Academic journal article Journal of School Health

Managed Care Organizations and Public Health: Exploring Collaboration on Adolescent Immunizations

Academic journal article Journal of School Health

Managed Care Organizations and Public Health: Exploring Collaboration on Adolescent Immunizations

Article excerpt

Three legislative statutes laid the groundwork for collaboration between managed care organizations (MCOs) and public health agencies in Minnesota. MinnesotaCare legislation, which provided improved access to health care for Minnesotans, mandated that MCOs submit annual reports to the Minnesota Department of Health describing how they serve high-risk, special-needs populations.[1] Another mandate required that Medical Assistance patients be enrolled in managed care.[2] A third mandate required that Minnesota MCOs be non-profit, therefore not subject to the perceived conflicts of for- profit MCOs in other parts of the country.[3]

This legislative action provided an environment for additional activity within the public and private sector, which has encouraged collaboration between MCOs and public health. In Minnesota, MCOs follow mission statements that reflect their commitment to community health: "To improve the health of our members and the community"[4]; "An innovator in community health improvement"[5]; and "Services that improve the health of individuals and their communities."[6]

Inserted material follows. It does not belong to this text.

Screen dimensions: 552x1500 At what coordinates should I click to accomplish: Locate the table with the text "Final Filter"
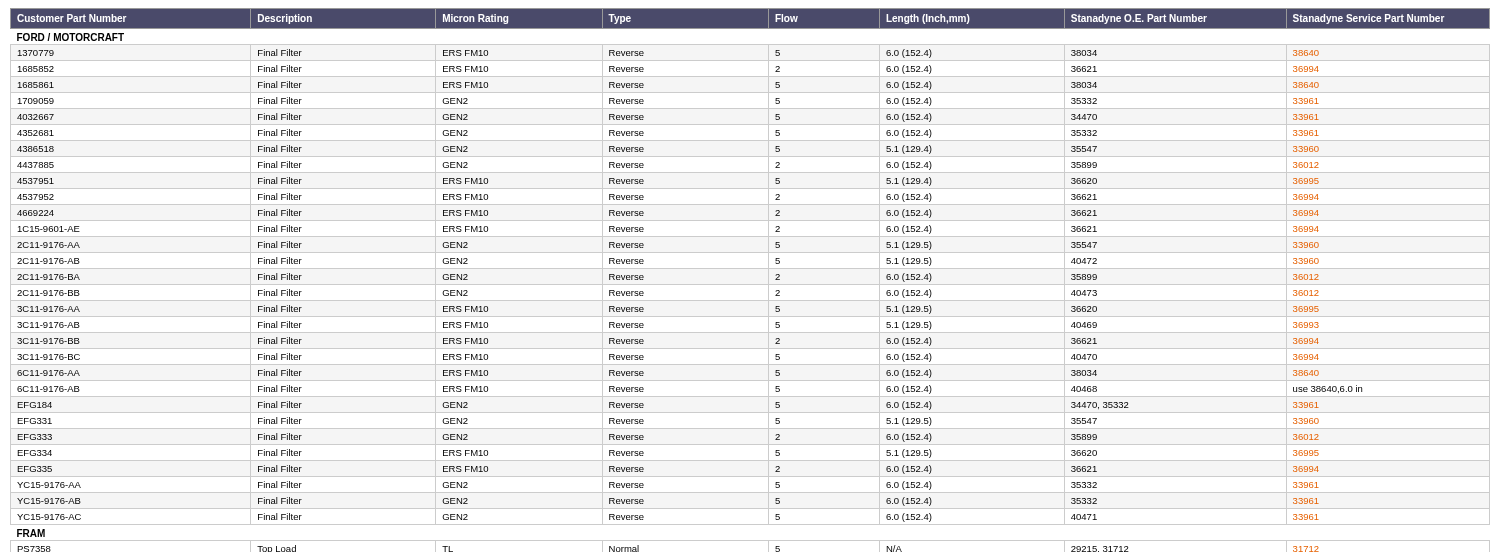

The Minnesota Council of Health Plans, a network of Minnesota MCOs founded in 1985, provides framework for MCOs to collaboratively pursue a variety of issues. One such area of mutual interest is population health improvement. The Immunization Task Force of the Minnesota Council of Health Plans develops initiatives aimed at improving immunization rates in all children, not just health plan members.

The "churning" of MCO membership supports the logic that health plans can work together, rather than in competition, on improving population health. Churning occurs for various reasons. Employers may change the health coverage for employees, which results in individuals changing health plans. As they gain and lose Medicaid eligibility, individuals with Medicaid coverage may switch from plan to plan, re-enrolling each time with a different plan.


In 1993, the Minnesota Public Health Association sponsored public- and private- sector discussions to explore ways of partnering around population health goals, as encouraged in the original MinnesotaCare legislation.[1] These discussions gave birth to the Population Health Initiative that focused on the manner and means by which public and private organizations could join together to meet their own organizational goals, as well as larger common goals.[7] This process addressed three questions. How can private-sector organizations, which compete in providing individual medical services, find a way to cooperate on population-based health strategies? What are the discrete roles and responsibilities of various organizations within the public sector, including local, regional and state agencies? How can public and private organizations go about collaborating to achieve population-health goals?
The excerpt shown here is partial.